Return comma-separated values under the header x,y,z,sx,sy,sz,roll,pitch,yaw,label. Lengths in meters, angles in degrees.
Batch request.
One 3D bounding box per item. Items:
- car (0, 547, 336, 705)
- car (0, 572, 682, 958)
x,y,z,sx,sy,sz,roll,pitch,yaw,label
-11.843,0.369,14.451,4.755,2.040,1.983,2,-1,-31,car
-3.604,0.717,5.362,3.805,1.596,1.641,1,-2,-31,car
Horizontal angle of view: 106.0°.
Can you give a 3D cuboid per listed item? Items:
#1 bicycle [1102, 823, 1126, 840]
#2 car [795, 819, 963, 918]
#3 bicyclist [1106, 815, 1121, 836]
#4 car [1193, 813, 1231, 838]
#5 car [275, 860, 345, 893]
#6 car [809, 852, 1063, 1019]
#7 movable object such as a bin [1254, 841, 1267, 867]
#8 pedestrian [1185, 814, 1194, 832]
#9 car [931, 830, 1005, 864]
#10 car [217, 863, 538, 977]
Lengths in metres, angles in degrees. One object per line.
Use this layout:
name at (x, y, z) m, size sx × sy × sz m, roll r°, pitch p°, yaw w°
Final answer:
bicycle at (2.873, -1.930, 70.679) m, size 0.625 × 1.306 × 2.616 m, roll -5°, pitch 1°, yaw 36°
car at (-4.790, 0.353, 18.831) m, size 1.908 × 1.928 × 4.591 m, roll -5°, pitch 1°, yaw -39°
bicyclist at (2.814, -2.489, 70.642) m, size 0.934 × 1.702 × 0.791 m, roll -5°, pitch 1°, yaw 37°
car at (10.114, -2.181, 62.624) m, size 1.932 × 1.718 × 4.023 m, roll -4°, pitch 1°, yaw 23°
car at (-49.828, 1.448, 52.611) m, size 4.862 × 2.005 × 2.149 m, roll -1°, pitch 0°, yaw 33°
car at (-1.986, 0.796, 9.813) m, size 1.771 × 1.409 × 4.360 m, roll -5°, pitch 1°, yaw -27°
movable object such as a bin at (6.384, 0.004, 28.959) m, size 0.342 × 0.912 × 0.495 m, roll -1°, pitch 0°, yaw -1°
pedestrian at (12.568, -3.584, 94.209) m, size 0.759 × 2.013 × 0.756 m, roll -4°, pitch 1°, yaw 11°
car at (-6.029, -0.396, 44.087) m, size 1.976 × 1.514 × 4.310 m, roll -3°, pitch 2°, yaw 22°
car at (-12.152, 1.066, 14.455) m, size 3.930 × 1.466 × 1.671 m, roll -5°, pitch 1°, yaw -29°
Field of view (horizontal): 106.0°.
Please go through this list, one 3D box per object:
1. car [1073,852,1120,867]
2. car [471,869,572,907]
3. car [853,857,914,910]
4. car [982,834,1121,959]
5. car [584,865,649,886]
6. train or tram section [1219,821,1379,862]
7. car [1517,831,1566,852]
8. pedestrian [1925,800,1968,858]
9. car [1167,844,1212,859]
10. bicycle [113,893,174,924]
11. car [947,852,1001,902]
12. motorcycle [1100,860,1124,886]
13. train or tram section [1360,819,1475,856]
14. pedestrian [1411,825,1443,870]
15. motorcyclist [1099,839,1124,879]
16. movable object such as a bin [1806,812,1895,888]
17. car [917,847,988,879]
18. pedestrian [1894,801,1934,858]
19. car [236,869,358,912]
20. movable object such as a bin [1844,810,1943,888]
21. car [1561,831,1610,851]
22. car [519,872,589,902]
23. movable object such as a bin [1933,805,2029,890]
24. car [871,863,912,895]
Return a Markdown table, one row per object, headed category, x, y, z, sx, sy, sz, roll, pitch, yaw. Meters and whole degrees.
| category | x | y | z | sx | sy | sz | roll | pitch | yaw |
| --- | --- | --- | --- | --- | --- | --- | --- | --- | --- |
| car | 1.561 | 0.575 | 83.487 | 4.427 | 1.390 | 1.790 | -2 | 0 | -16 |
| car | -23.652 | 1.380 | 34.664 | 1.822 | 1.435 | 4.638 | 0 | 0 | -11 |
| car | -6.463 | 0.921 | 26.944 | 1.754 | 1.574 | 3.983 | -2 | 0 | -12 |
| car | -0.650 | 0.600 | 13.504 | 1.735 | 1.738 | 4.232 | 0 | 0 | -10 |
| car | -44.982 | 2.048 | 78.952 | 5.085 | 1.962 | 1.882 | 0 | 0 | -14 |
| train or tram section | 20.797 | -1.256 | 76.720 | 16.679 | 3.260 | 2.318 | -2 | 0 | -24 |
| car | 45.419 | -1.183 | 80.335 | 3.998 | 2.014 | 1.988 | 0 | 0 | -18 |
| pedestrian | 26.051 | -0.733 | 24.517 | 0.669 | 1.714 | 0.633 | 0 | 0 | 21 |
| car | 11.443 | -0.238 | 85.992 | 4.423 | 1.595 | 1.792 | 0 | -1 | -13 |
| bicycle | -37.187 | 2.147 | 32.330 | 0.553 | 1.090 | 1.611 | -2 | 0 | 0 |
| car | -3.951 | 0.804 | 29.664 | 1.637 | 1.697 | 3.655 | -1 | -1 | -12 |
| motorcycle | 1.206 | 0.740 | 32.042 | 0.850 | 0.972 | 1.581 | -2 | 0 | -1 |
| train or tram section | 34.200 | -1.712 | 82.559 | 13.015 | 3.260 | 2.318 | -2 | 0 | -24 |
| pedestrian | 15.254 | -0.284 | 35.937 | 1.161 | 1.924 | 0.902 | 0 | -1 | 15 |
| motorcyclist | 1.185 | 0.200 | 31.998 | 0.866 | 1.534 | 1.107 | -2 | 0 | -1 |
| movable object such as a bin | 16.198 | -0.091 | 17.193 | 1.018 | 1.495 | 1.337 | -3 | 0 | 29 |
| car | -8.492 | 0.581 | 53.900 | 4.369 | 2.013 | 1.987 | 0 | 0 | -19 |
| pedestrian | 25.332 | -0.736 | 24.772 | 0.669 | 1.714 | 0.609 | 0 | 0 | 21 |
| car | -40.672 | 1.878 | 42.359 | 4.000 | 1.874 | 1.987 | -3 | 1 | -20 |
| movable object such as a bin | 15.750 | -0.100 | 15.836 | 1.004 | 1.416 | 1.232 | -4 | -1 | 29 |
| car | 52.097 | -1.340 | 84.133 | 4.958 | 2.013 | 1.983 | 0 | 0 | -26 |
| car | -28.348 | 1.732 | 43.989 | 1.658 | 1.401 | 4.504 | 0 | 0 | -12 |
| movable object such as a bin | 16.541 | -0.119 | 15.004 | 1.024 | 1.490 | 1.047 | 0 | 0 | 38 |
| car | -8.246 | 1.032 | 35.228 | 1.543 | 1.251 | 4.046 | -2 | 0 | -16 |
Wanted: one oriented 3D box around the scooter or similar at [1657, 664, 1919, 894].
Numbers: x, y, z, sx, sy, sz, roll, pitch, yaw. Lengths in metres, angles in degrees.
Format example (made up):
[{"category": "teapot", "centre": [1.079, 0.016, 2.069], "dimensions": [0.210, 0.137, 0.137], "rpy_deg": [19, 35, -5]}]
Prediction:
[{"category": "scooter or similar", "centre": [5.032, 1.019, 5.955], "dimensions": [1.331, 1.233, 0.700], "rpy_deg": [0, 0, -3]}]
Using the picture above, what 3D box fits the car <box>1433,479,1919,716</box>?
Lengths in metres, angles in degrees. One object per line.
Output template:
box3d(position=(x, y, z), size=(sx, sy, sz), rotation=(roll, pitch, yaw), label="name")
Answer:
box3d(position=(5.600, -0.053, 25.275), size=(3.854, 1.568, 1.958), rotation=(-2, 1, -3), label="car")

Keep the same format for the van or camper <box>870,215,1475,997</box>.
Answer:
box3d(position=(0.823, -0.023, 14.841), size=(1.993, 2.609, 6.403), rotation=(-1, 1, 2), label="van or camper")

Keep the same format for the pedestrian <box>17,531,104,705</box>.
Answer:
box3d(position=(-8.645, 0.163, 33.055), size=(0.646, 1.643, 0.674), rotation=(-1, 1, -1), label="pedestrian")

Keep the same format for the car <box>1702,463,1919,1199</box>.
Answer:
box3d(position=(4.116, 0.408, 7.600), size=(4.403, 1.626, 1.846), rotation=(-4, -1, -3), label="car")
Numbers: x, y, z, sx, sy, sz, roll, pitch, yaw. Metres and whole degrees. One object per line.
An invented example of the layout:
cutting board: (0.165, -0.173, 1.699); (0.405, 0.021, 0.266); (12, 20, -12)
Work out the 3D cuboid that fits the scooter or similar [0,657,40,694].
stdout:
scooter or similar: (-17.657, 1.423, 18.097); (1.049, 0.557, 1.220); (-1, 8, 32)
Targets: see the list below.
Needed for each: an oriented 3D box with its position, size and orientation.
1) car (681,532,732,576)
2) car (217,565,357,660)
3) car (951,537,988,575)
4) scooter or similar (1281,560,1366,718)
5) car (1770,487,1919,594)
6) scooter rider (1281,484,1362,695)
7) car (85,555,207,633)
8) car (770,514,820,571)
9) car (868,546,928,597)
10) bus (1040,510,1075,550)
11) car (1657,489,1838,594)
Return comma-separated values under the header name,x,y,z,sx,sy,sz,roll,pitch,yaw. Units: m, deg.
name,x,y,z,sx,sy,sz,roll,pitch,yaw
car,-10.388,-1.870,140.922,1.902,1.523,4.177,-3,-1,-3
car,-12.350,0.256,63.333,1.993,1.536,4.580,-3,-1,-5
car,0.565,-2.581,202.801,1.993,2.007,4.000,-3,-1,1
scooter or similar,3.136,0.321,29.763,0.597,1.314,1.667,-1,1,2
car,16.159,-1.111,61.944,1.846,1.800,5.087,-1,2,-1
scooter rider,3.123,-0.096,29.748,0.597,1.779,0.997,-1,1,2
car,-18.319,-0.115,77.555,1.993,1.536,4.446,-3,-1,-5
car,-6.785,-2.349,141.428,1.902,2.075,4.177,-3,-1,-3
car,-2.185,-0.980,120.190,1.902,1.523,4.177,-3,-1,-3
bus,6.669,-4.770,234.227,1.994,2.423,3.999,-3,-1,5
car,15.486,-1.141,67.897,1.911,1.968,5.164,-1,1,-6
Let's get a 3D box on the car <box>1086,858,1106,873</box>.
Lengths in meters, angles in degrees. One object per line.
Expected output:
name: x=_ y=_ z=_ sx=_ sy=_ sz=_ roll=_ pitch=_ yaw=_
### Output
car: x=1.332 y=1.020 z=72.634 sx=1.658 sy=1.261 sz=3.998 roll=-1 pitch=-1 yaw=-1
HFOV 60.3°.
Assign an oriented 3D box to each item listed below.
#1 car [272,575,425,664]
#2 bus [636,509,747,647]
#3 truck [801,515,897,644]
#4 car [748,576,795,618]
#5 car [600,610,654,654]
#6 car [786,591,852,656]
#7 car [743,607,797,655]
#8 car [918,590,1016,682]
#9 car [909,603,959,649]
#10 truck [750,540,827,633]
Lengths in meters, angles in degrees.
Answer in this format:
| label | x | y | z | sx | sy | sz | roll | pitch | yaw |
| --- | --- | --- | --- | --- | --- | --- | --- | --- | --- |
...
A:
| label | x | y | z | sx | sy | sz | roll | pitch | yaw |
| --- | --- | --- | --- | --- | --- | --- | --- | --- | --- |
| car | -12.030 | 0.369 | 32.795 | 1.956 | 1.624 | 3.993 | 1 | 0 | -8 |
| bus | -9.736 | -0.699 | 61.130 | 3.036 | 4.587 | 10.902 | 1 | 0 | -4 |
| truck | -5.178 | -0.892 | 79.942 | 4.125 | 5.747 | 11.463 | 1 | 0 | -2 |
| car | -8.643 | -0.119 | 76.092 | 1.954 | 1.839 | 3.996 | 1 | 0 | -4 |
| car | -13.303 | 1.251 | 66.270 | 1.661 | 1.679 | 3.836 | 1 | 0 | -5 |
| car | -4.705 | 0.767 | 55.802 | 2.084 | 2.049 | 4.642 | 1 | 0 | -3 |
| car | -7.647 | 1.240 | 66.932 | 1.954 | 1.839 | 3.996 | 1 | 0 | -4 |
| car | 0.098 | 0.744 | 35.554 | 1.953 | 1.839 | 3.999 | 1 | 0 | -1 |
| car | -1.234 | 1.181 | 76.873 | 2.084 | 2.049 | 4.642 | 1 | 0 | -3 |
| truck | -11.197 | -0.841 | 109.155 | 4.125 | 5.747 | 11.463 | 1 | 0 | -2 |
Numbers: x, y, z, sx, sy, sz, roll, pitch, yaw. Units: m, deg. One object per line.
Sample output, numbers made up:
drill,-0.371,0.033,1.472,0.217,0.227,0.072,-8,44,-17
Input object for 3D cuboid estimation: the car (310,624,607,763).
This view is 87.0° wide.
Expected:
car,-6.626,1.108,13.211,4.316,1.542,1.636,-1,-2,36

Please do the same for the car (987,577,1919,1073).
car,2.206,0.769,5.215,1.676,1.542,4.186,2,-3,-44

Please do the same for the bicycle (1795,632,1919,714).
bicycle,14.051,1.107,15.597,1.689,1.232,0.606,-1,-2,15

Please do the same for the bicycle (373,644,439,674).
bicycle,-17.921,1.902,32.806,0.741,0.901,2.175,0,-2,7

########################################

* The problem: Starting at the first line of the records above, please copy every line exactly through the line containing "Field of view (horizontal): 106.0°.", and stop there.

* Solution for this exercise:
Return comma-separated values under the header x,y,z,sx,sy,sz,roll,pitch,yaw,label. Lengths in meters, angles in degrees.
Batch request.
One 3D bounding box per item. Items:
- car (0, 547, 336, 705)
- car (0, 572, 682, 958)
x,y,z,sx,sy,sz,roll,pitch,yaw,label
-11.843,0.369,14.451,4.755,2.040,1.983,2,-1,-31,car
-3.604,0.717,5.362,3.805,1.596,1.641,1,-2,-31,car
Horizontal angle of view: 106.0°.
Can you give a 3D cuboid per listed item? Items:
#1 bicycle [1102, 823, 1126, 840]
#2 car [795, 819, 963, 918]
#3 bicyclist [1106, 815, 1121, 836]
#4 car [1193, 813, 1231, 838]
#5 car [275, 860, 345, 893]
#6 car [809, 852, 1063, 1019]
#7 movable object such as a bin [1254, 841, 1267, 867]
#8 pedestrian [1185, 814, 1194, 832]
#9 car [931, 830, 1005, 864]
#10 car [217, 863, 538, 977]
Lengths in metres, angles in degrees. One object per line.
Use this layout:
name at (x, y, z) m, size sx × sy × sz m, roll r°, pitch p°, yaw w°
Final answer:
bicycle at (2.873, -1.930, 70.679) m, size 0.625 × 1.306 × 2.616 m, roll -5°, pitch 1°, yaw 36°
car at (-4.790, 0.353, 18.831) m, size 1.908 × 1.928 × 4.591 m, roll -5°, pitch 1°, yaw -39°
bicyclist at (2.814, -2.489, 70.642) m, size 0.934 × 1.702 × 0.791 m, roll -5°, pitch 1°, yaw 37°
car at (10.114, -2.181, 62.624) m, size 1.932 × 1.718 × 4.023 m, roll -4°, pitch 1°, yaw 23°
car at (-49.828, 1.448, 52.611) m, size 4.862 × 2.005 × 2.149 m, roll -1°, pitch 0°, yaw 33°
car at (-1.986, 0.796, 9.813) m, size 1.771 × 1.409 × 4.360 m, roll -5°, pitch 1°, yaw -27°
movable object such as a bin at (6.384, 0.004, 28.959) m, size 0.342 × 0.912 × 0.495 m, roll -1°, pitch 0°, yaw -1°
pedestrian at (12.568, -3.584, 94.209) m, size 0.759 × 2.013 × 0.756 m, roll -4°, pitch 1°, yaw 11°
car at (-6.029, -0.396, 44.087) m, size 1.976 × 1.514 × 4.310 m, roll -3°, pitch 2°, yaw 22°
car at (-12.152, 1.066, 14.455) m, size 3.930 × 1.466 × 1.671 m, roll -5°, pitch 1°, yaw -29°
Field of view (horizontal): 106.0°.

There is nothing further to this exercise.